◆ **Problem to work on**: From the entries below, copy exactly the lines from the one that contains "text Ontvangen 19" through the one that contains "text 1. Deze", both included, and only those.

◆ **Data supplied**:
────────────────

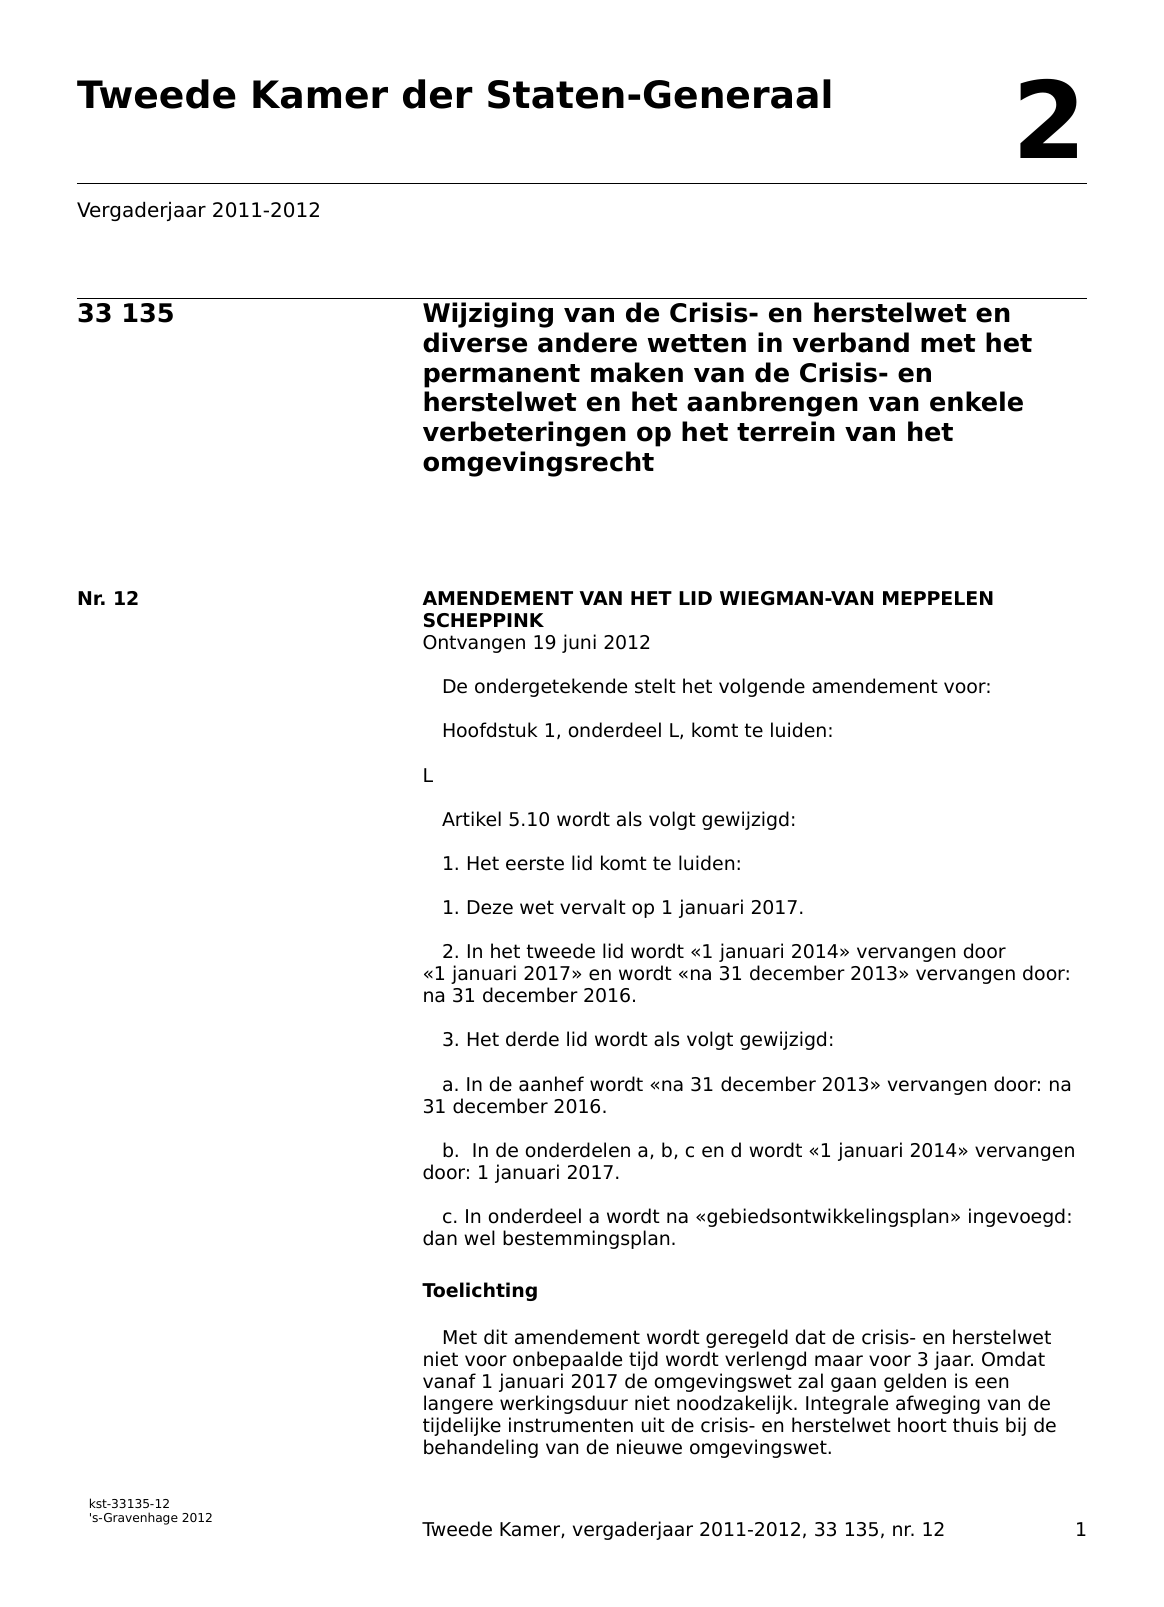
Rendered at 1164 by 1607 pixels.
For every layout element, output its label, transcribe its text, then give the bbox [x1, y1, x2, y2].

text kst-33135-12 [88, 1497, 323, 1511]
text Ontvangen 19 juni 2012 [422, 632, 1087, 654]
text b. In de onderdelen a, b, c en d wordt «1 januari 2014» vervangen door: 1 januari 2017. [422, 1140, 1087, 1184]
text L [422, 764, 1087, 787]
text De ondergetekende stelt het volgende amendement voor: [422, 676, 1087, 698]
text a. In de aanhef wordt «na 31 december 2013» vervangen door: na 31 december 2016. [422, 1073, 1087, 1117]
table_cell Vergaderjaar 2011-2012 [77, 184, 1087, 298]
text 2. In het tweede lid wordt «1 januari 2014» vervangen door «1 januari 2017» en wordt «na 31 december 2013» vervangen door: na 31 december 2016. [422, 941, 1087, 1007]
subtitle Nr. 12 AMENDEMENT VAN HET LID WIEGMAN-VAN MEPPELEN SCHEPPINK [77, 588, 1087, 632]
text Met dit amendement wordt geregeld dat de crisis- en herstelwet niet voor onbepaalde tijd wordt verlengd maar voor 3 jaar. Omdat vanaf 1 januari 2017 de omgevingswet zal gaan gelden is een langere werkingsduur niet noodzakelijk. Integrale afweging van de tijdelijke instrumenten uit de crisis- en herstelwet hoort thuis bij de behandeling van de nieuwe omgevingswet. [422, 1327, 1087, 1459]
text Artikel 5.10 wordt als volgt gewijzigd: [422, 809, 1087, 831]
text 1. Deze wet vervalt op 1 januari 2017. [422, 897, 1087, 919]
subtitle 33 135 Wijziging van de Crisis- en herstelwet en diverse andere wetten in verband met het permanent maken van de Crisis- en herstelwet en het aanbrengen van enkele verbeteringen op het terrein van het omgevingsrecht [77, 299, 1087, 477]
text Hoofdstuk 1, onderdeel L, komt te luiden: [422, 720, 1087, 742]
text c. In onderdeel a wordt na «gebiedsontwikkelingsplan» ingevoegd: dan wel bestemmingsplan. [422, 1206, 1087, 1250]
table_header 2 [886, 59, 1087, 183]
text 3. Het derde lid wordt als volgt gewijzigd: [422, 1029, 1087, 1051]
text 1. Het eerste lid komt te luiden: [422, 853, 1087, 875]
text 's-Gravenhage 2012 [88, 1511, 323, 1525]
subtitle Toelichting [422, 1280, 1087, 1302]
table_header Tweede Kamer der Staten-Generaal [77, 59, 886, 183]

────────────────

◆ **Output of the task**:
text Ontvangen 19 juni 2012 [422, 632, 1087, 654]
text b. In de onderdelen a, b, c en d wordt «1 januari 2014» vervangen door: 1 januari 2017. [422, 1140, 1087, 1184]
text L [422, 764, 1087, 787]
text De ondergetekende stelt het volgende amendement voor: [422, 676, 1087, 698]
text a. In de aanhef wordt «na 31 december 2013» vervangen door: na 31 december 2016. [422, 1073, 1087, 1117]
table_cell Vergaderjaar 2011-2012 [77, 184, 1087, 298]
text 2. In het tweede lid wordt «1 januari 2014» vervangen door «1 januari 2017» en wordt «na 31 december 2013» vervangen door: na 31 december 2016. [422, 941, 1087, 1007]
subtitle Nr. 12 AMENDEMENT VAN HET LID WIEGMAN-VAN MEPPELEN SCHEPPINK [77, 588, 1087, 632]
text Met dit amendement wordt geregeld dat de crisis- en herstelwet niet voor onbepaalde tijd wordt verlengd maar voor 3 jaar. Omdat vanaf 1 januari 2017 de omgevingswet zal gaan gelden is een langere werkingsduur niet noodzakelijk. Integrale afweging van de tijdelijke instrumenten uit de crisis- en herstelwet hoort thuis bij de behandeling van de nieuwe omgevingswet. [422, 1327, 1087, 1459]
text Artikel 5.10 wordt als volgt gewijzigd: [422, 809, 1087, 831]
text 1. Deze wet vervalt op 1 januari 2017. [422, 897, 1087, 919]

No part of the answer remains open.